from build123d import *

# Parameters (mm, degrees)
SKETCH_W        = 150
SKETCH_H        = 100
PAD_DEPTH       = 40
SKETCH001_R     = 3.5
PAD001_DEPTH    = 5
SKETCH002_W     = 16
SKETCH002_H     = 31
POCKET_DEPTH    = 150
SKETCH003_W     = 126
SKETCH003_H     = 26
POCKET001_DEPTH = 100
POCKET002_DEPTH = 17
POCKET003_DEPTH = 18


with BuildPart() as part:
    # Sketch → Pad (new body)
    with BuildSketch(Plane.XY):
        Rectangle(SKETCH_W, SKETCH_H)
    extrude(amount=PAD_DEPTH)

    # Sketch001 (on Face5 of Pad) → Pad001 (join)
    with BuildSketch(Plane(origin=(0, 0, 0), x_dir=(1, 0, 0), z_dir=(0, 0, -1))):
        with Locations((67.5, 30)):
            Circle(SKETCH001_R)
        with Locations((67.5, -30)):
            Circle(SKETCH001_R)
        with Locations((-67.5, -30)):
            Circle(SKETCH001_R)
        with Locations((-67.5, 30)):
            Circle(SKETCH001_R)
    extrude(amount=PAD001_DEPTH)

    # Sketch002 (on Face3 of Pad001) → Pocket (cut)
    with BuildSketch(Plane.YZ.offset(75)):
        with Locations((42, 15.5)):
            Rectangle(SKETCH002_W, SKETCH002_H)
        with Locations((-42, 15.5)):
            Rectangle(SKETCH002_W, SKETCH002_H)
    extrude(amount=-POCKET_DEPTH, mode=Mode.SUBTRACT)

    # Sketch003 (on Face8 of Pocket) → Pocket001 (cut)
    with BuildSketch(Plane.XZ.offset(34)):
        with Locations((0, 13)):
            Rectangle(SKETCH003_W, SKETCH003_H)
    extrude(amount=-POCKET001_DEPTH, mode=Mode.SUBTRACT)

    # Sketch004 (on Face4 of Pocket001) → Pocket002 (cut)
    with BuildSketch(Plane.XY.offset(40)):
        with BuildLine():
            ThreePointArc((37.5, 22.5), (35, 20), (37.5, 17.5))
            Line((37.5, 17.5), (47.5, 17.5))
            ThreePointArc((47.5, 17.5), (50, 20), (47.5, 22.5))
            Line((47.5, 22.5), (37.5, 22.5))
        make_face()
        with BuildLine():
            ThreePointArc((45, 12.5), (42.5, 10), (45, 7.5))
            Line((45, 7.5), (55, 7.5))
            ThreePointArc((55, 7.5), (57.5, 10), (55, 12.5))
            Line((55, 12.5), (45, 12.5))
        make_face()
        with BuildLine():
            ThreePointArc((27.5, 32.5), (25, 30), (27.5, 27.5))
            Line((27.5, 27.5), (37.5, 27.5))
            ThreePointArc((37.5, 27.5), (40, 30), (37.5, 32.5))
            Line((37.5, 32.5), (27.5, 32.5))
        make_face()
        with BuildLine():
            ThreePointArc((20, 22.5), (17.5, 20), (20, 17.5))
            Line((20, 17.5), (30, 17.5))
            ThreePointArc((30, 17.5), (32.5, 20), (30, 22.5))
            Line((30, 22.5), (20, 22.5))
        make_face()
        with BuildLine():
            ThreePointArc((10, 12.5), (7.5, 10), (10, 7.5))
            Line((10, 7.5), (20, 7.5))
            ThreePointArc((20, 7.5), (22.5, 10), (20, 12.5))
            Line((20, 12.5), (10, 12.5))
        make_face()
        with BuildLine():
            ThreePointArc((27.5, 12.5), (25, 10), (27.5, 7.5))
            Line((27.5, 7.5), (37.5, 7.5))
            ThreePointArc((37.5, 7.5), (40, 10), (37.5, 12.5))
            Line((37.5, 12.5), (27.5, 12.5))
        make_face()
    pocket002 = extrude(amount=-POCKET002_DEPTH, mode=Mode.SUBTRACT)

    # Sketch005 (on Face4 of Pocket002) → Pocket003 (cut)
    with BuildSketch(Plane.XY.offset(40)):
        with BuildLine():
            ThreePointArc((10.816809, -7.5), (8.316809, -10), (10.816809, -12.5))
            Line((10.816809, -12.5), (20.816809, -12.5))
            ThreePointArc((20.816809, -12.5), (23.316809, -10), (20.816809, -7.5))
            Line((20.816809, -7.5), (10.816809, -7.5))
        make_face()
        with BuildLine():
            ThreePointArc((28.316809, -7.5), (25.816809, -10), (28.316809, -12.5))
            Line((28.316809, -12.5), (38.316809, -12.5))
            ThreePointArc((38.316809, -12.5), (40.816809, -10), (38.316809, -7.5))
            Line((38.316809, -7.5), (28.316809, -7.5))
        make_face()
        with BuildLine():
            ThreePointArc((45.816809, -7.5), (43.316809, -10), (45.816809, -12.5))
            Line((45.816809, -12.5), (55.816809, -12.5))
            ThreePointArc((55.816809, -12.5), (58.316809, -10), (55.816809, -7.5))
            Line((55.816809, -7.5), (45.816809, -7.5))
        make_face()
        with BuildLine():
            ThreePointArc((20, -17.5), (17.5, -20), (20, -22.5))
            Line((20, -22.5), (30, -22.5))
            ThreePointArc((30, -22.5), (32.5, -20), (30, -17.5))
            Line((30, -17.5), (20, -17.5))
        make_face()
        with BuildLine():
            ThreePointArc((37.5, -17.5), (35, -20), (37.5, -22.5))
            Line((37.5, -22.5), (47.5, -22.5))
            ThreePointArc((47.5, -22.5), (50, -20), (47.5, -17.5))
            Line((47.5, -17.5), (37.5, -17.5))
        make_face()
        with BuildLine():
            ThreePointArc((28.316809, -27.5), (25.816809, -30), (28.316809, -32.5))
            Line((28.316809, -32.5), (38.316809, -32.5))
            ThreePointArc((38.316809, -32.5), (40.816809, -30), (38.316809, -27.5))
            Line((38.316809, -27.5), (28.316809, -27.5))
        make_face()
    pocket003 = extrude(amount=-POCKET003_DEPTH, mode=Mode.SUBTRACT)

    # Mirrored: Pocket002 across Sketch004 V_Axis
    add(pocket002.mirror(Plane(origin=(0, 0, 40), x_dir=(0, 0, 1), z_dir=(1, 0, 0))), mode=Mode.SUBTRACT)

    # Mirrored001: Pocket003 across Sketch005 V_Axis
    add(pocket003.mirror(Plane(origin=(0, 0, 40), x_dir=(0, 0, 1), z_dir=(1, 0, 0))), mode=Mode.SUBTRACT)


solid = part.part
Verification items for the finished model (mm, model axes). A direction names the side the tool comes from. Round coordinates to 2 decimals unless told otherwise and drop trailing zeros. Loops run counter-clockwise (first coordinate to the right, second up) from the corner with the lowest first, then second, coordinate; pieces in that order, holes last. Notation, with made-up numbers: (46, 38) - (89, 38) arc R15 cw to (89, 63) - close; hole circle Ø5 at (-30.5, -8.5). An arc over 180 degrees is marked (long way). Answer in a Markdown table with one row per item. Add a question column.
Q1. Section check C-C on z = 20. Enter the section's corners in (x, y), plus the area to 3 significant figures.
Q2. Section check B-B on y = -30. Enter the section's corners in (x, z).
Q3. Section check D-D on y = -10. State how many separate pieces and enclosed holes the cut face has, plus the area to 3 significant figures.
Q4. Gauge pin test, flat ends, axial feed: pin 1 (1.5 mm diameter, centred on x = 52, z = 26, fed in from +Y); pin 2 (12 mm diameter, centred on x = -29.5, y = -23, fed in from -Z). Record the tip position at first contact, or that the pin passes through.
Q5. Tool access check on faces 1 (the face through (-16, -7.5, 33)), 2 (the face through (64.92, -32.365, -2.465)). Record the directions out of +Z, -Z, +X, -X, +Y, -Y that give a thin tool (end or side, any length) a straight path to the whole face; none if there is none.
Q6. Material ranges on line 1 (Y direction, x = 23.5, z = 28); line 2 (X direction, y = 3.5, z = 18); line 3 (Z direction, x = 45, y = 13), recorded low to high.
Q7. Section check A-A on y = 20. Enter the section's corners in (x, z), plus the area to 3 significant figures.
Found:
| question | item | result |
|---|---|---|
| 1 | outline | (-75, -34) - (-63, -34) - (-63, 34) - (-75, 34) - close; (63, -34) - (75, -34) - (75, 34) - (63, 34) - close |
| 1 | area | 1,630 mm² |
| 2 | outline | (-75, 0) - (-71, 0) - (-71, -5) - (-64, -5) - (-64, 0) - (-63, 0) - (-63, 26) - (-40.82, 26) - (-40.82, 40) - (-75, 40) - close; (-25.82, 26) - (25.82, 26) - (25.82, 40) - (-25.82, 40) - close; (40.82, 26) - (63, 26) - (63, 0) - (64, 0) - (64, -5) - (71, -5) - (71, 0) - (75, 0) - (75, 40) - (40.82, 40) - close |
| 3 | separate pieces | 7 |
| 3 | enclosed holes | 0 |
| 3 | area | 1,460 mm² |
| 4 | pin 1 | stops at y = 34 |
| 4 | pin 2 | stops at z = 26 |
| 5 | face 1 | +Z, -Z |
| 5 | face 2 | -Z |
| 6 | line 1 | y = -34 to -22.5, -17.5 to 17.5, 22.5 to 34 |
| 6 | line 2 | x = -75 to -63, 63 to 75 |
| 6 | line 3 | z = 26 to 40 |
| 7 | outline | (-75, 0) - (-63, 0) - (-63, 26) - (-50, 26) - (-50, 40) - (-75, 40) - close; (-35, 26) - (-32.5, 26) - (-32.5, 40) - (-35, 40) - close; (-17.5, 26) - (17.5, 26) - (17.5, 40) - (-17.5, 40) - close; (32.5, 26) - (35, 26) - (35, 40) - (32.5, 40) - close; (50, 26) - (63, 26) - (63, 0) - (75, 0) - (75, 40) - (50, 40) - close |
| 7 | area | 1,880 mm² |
--
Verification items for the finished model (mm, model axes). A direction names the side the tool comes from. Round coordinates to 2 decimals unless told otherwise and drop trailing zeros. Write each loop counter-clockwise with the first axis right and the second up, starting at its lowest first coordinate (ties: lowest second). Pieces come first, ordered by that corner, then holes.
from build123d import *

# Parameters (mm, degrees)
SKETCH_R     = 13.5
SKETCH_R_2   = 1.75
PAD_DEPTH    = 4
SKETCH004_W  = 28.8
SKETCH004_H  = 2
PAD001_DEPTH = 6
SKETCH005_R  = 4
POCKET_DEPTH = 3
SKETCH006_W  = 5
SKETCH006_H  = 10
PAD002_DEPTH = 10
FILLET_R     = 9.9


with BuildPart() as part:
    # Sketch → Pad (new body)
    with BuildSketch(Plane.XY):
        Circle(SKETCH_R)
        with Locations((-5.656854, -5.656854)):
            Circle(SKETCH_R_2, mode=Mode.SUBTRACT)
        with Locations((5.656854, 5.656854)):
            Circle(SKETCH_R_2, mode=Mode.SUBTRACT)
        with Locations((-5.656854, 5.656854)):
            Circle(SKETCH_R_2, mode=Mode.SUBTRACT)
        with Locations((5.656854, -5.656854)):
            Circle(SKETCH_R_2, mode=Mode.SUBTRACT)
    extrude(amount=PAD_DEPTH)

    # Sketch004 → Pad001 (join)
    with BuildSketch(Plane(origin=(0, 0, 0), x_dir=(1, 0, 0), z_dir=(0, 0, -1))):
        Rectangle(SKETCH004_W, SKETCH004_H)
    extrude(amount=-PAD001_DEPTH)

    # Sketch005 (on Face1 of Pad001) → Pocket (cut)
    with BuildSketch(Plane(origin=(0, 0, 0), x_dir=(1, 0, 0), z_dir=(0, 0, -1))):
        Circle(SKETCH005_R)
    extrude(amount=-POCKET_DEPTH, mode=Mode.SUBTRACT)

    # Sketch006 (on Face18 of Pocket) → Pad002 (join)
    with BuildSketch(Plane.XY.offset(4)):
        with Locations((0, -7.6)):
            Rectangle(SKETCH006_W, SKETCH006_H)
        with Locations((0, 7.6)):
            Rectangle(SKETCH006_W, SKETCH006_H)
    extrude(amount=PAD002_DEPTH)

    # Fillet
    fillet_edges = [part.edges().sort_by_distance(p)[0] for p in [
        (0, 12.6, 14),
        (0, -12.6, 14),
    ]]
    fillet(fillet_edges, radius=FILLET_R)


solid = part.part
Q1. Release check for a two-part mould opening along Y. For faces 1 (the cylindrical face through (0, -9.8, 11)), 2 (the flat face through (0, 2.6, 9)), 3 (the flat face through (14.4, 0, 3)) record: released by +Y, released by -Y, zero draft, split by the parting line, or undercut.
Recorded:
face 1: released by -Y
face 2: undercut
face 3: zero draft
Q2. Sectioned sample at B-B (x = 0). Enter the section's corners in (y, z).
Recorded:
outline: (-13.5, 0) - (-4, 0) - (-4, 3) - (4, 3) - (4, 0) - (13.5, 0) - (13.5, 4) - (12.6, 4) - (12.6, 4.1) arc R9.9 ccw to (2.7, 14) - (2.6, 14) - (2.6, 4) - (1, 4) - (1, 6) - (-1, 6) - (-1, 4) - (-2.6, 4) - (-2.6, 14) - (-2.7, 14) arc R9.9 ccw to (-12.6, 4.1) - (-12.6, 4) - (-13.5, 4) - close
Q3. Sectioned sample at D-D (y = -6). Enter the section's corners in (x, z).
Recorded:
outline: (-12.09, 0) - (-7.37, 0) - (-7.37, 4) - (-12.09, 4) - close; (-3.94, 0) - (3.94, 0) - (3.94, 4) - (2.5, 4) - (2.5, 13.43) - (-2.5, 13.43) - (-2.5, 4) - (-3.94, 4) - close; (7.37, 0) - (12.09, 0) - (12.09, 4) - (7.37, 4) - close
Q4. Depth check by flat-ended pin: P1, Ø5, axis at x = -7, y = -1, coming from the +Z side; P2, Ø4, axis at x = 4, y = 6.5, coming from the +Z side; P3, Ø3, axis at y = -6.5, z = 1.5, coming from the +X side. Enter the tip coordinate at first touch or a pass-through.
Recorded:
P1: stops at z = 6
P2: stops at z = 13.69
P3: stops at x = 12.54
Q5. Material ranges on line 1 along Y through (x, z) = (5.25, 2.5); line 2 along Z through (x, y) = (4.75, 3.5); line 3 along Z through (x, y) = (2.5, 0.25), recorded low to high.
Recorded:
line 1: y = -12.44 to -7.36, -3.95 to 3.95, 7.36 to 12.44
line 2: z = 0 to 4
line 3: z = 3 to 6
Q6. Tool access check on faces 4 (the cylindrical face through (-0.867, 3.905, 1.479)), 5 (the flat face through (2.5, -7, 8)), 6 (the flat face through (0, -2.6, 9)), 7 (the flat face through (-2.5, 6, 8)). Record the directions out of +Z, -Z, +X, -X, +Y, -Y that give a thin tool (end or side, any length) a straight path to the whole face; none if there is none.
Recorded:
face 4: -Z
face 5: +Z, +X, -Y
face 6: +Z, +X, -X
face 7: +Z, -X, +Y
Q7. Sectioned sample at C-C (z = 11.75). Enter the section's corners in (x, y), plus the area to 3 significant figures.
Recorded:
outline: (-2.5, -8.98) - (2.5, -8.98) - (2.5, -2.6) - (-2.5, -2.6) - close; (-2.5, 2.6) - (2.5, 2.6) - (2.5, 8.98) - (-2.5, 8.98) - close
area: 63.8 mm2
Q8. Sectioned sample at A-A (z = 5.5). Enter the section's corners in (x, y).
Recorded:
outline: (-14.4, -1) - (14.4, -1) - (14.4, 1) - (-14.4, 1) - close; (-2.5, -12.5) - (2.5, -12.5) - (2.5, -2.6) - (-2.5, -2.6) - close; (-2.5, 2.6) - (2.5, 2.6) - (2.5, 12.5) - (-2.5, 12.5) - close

-- TASK ITEM --
Where the listing above reaches the line that contains "Q3. Sectioned sample", start retyping, and finish with the line that contains "outline: (-14.4, -1)"; reproduce those lines exactly and no others.

-- ANSWER SECTION --
Q3. Sectioned sample at D-D (y = -6). Enter the section's corners in (x, z).
Recorded:
outline: (-12.09, 0) - (-7.37, 0) - (-7.37, 4) - (-12.09, 4) - close; (-3.94, 0) - (3.94, 0) - (3.94, 4) - (2.5, 4) - (2.5, 13.43) - (-2.5, 13.43) - (-2.5, 4) - (-3.94, 4) - close; (7.37, 0) - (12.09, 0) - (12.09, 4) - (7.37, 4) - close
Q4. Depth check by flat-ended pin: P1, Ø5, axis at x = -7, y = -1, coming from the +Z side; P2, Ø4, axis at x = 4, y = 6.5, coming from the +Z side; P3, Ø3, axis at y = -6.5, z = 1.5, coming from the +X side. Enter the tip coordinate at first touch or a pass-through.
Recorded:
P1: stops at z = 6
P2: stops at z = 13.69
P3: stops at x = 12.54
Q5. Material ranges on line 1 along Y through (x, z) = (5.25, 2.5); line 2 along Z through (x, y) = (4.75, 3.5); line 3 along Z through (x, y) = (2.5, 0.25), recorded low to high.
Recorded:
line 1: y = -12.44 to -7.36, -3.95 to 3.95, 7.36 to 12.44
line 2: z = 0 to 4
line 3: z = 3 to 6
Q6. Tool access check on faces 4 (the cylindrical face through (-0.867, 3.905, 1.479)), 5 (the flat face through (2.5, -7, 8)), 6 (the flat face through (0, -2.6, 9)), 7 (the flat face through (-2.5, 6, 8)). Record the directions out of +Z, -Z, +X, -X, +Y, -Y that give a thin tool (end or side, any length) a straight path to the whole face; none if there is none.
Recorded:
face 4: -Z
face 5: +Z, +X, -Y
face 6: +Z, +X, -X
face 7: +Z, -X, +Y
Q7. Sectioned sample at C-C (z = 11.75). Enter the section's corners in (x, y), plus the area to 3 significant figures.
Recorded:
outline: (-2.5, -8.98) - (2.5, -8.98) - (2.5, -2.6) - (-2.5, -2.6) - close; (-2.5, 2.6) - (2.5, 2.6) - (2.5, 8.98) - (-2.5, 8.98) - close
area: 63.8 mm2
Q8. Sectioned sample at A-A (z = 5.5). Enter the section's corners in (x, y).
Recorded:
outline: (-14.4, -1) - (14.4, -1) - (14.4, 1) - (-14.4, 1) - close; (-2.5, -12.5) - (2.5, -12.5) - (2.5, -2.6) - (-2.5, -2.6) - close; (-2.5, 2.6) - (2.5, 2.6) - (2.5, 12.5) - (-2.5, 12.5) - close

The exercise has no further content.